*** Exercise data Section Begins ***

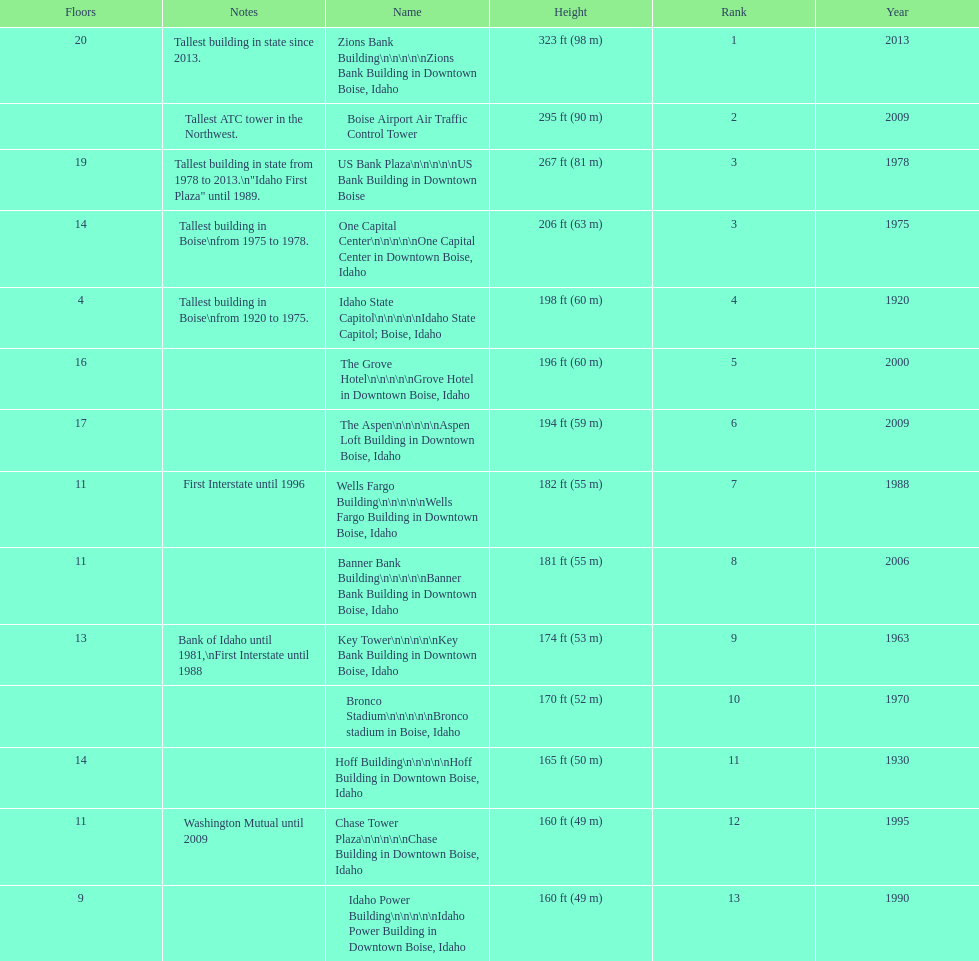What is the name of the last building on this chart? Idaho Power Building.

*** Exercise data Section Ends ***
*** Exercise data Section Begins ***

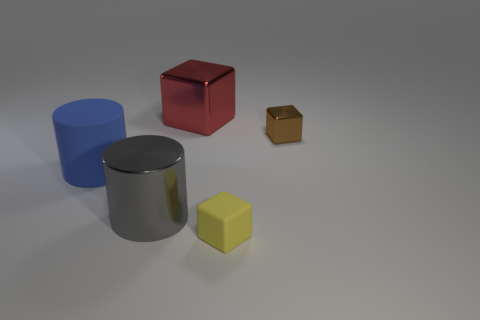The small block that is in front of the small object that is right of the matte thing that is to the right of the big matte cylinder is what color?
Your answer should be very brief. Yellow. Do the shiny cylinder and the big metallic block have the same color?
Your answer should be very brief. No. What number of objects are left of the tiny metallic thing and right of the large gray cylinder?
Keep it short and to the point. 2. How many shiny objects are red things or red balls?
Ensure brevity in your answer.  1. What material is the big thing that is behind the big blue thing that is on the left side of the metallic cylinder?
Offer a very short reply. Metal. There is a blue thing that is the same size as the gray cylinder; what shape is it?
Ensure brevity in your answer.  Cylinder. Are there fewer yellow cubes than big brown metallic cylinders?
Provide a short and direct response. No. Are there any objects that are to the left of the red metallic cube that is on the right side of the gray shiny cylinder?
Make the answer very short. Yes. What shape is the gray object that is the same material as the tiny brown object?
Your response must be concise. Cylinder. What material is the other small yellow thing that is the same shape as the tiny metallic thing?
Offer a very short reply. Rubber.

*** Exercise data Section Ends ***
*** Exercise data Section Begins ***

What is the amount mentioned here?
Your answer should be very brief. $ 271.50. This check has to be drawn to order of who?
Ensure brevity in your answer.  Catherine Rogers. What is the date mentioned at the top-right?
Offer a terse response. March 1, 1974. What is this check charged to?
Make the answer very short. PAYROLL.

*** Exercise data Section Ends ***

● **Directions for this task**
If a line in the material above holds the word "brown", count it, then give the total as a bare number.

● **Solution to this task**
2